System Design · Case Studies

Case Study: Ride Sharing

Design, trade-offs, and alternatives for a ride-sharing platform at scale.

Chapter One

Problem Statement

What We Are Building

A ride-sharing platform matches riders requesting trips with nearby drivers in real-time. The core challenge is a spatial-temporal matching problem: given a rider at location (lat, lng) requesting a ride now, find the best available driver within a few kilometers — considering driver location, direction of travel, ETA, and driver rating — all within 3-5 seconds. Meanwhile, drivers' locations update every 3-5 seconds, creating a constantly moving dataset of millions of points that must be queried geospatially at thousands of times per second.

Scale Requirements

Traffic & Scale

100M monthly active riders
5M active drivers (concurrent online at peak)
20M rides/day (~230 matches/sec)
Location updates: 5M drivers × every 4s = 1.25M updates/sec

Requirements

Match latency: driver found in <5 seconds
ETA accuracy: ±2 minutes at time of match
Location freshness: driver position <5 seconds stale
Availability: 99.99% (rides are time-critical)

Ride-sharing is a real-time geospatial matching system with strict time constraints. Unlike a restaurant search (where results can be cached), driver positions are moving constantly. The index is never stable. And unlike a chat system (where latency of 200ms vs 500ms is acceptable), a 30-second delay in matching means the rider leaves and opens a competitor's app. Speed of matching directly equals revenue.

📋 Chapter 1 — Summary

5M concurrent drivers sending location updates every 4 seconds = 1.25M updates/sec.
Match a rider to nearest driver in <5 seconds with accurate ETA.
Geospatial index is constantly moving — never cacheable.
20M rides/day. Matching speed = revenue. Downtime = riders switch to competitor.

Chapter Two

Questions to Ask

Clarifying Before Designing

A basic taxi dispatch system and a full Uber-like platform differ enormously. The questions below determine whether you need surge pricing, ride pooling (shared rides), scheduled rides, multi-modal transport, and how sophisticated the matching algorithm needs to be.

🚗

Matching Model

Single rider ↔ single driver? Or ride pooling?
Match by nearest or by optimal ETA?
Driver can reject?

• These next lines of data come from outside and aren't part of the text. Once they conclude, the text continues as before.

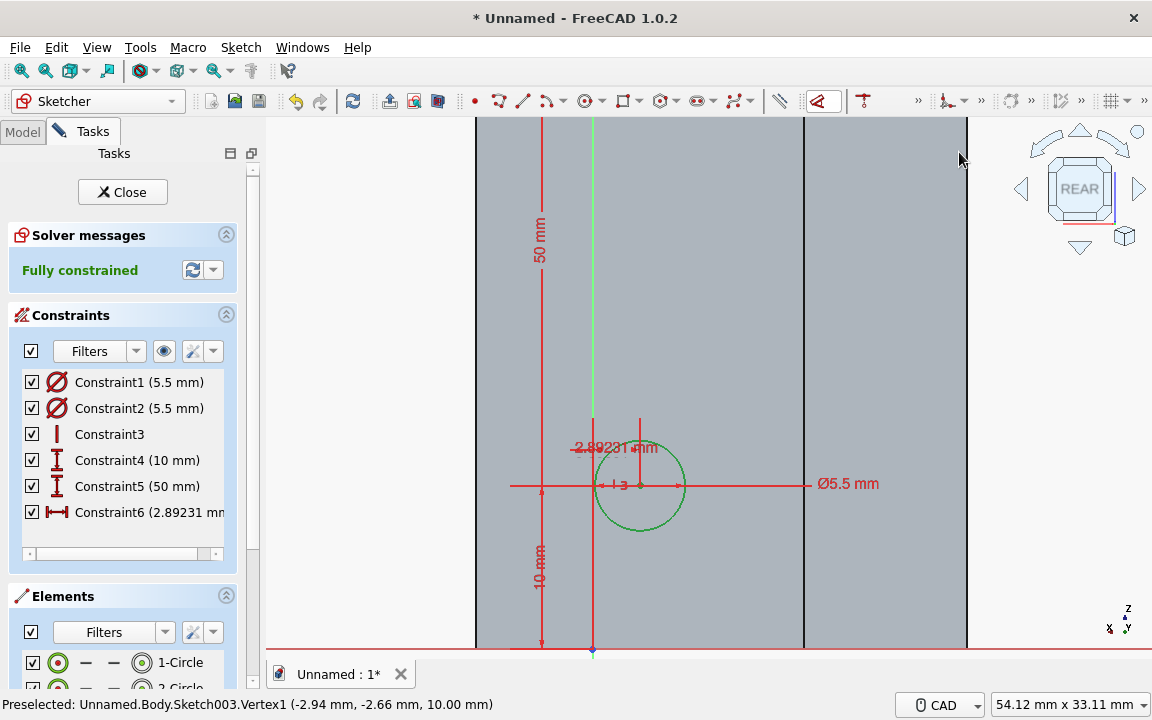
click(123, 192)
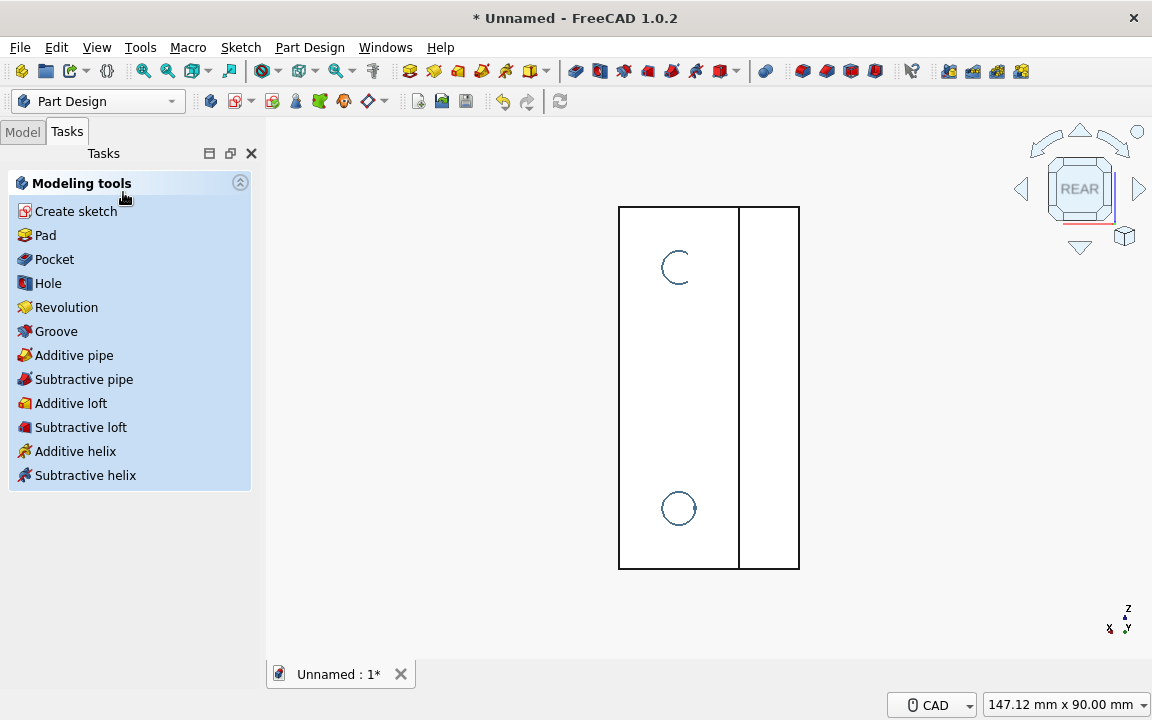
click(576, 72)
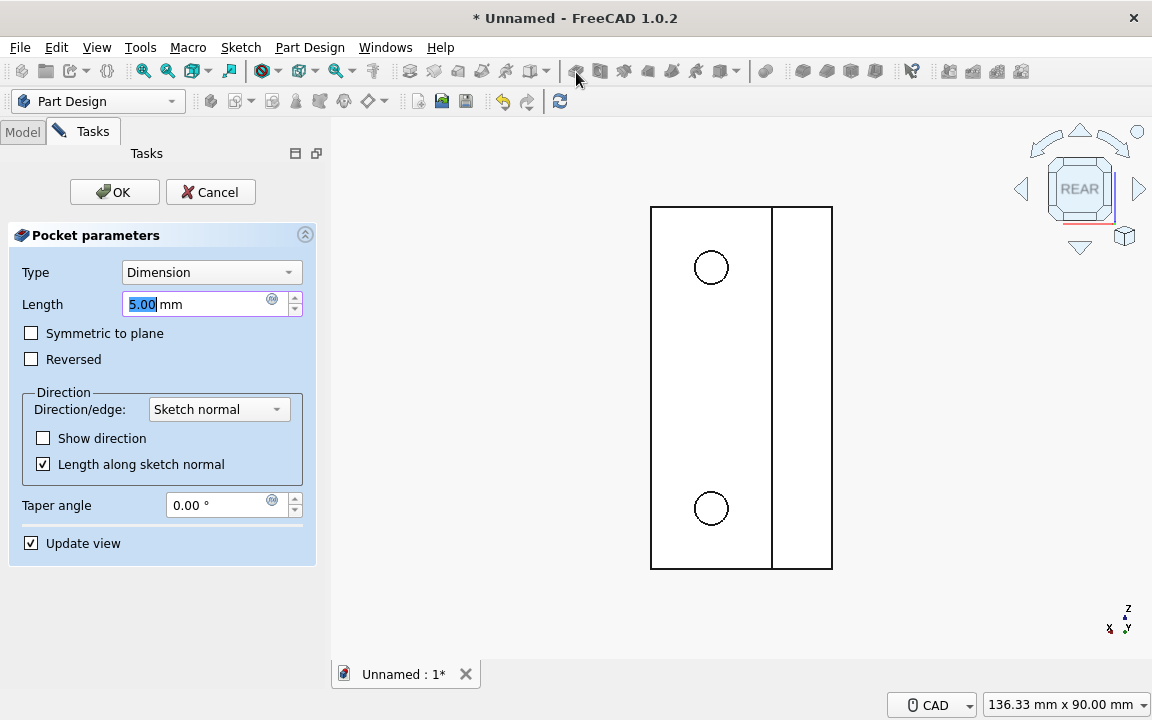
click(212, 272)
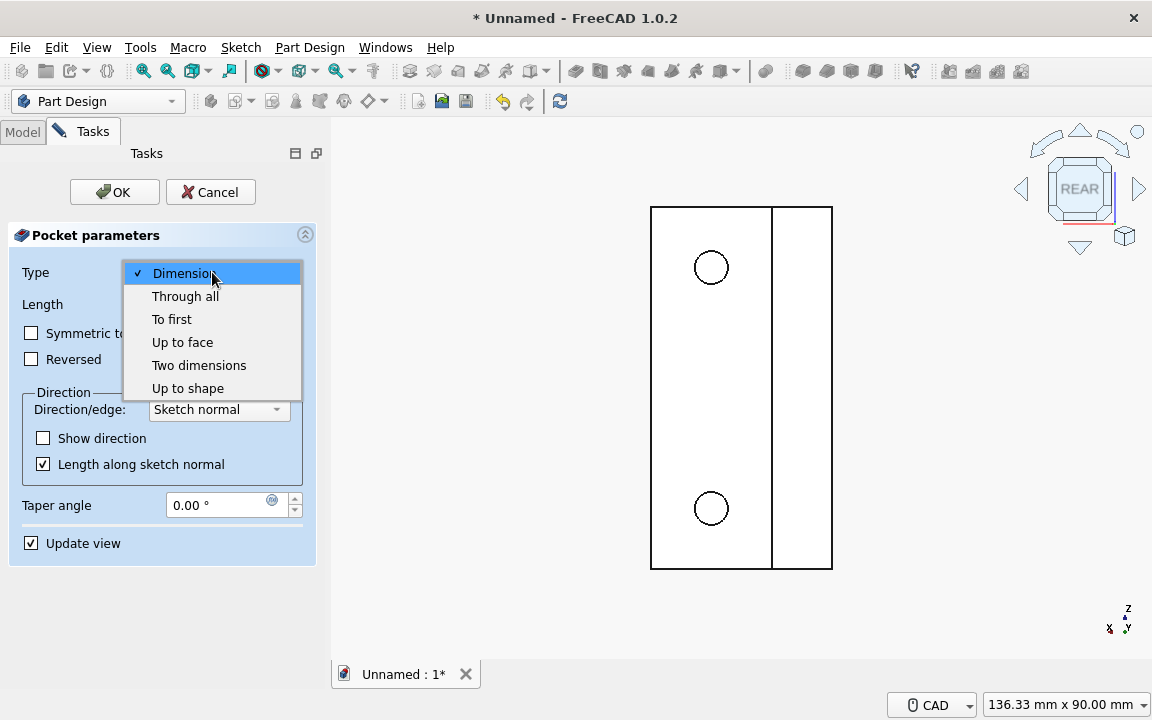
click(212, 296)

Or auto-assigned?
Scheduled rides (future) or real-time only?

💰

Pricing & Economics

Fixed pricing or dynamic (surge)?
Upfront fare estimate before ride?
Multiple vehicle types (economy, premium, XL)?
Tips, cancellation fees, toll handling?

📍

Geography & Routing

Urban only or suburban/rural too?
ETA based on straight-line or real road routing?
Traffic-aware ETA?
Multi-city / global deployment?

Ride pooling changes the matching problem from O(N) to NP-hard. Single matching is: find nearest available driver. Pooled matching is: given multiple riders going in similar directions, find a driver whose route can serve all of them with acceptable detour. This is a constraint optimization problem that requires fundamentally different algorithms (not just nearest-neighbor).

For This Case Study, Our Answers Are:

Ride type: single rider ↔ single driver (no pooling — keeps matching O(N))
Match strategy: nearest driver by ETA (not pure distance)
Driver rejection: yes — driver can reject, 15s timeout, cascade to next
Scheduled rides: no — real-time only
Pricing: dynamic surge pricing per geographic zone
Fare estimate: yes — shown upfront before rider confirms
Vehicle types: 3 tiers (economy, comfort, premium) — separate matching pools
ETA: road-routing based (not straight-line), traffic-aware
Geographic scope: multi-city global deployment — partitioned by city
Location freshness SLA: driver position must be <5 seconds stale at time of match

📋 Chapter 2 — Summary

Single vs pooled rides: pooling is exponentially harder to match optimally.
Surge pricing requires real-time supply/demand tracking per geographic zone.
ETA accuracy depends on road routing + traffic data — not just distance.
Driver rejection adds timeout handling and fallback to next-best driver.

Chapter Three

Naive Design

SQL Query on All Drivers

The simplest design: store all driver locations in a PostgreSQL table with PostGIS. When a rider requests a ride, run a spatial query: SELECT * FROM drivers WHERE status='available' ORDER BY ST_Distance(location, rider_point) LIMIT 10. This scans the table, computes distances, sorts, and returns nearest drivers. Works for 100 drivers. With 5M active drivers updating every 4 seconds, the table is being written 1.25M times/sec while being queried for nearest neighbors — the database cannot handle both simultaneously.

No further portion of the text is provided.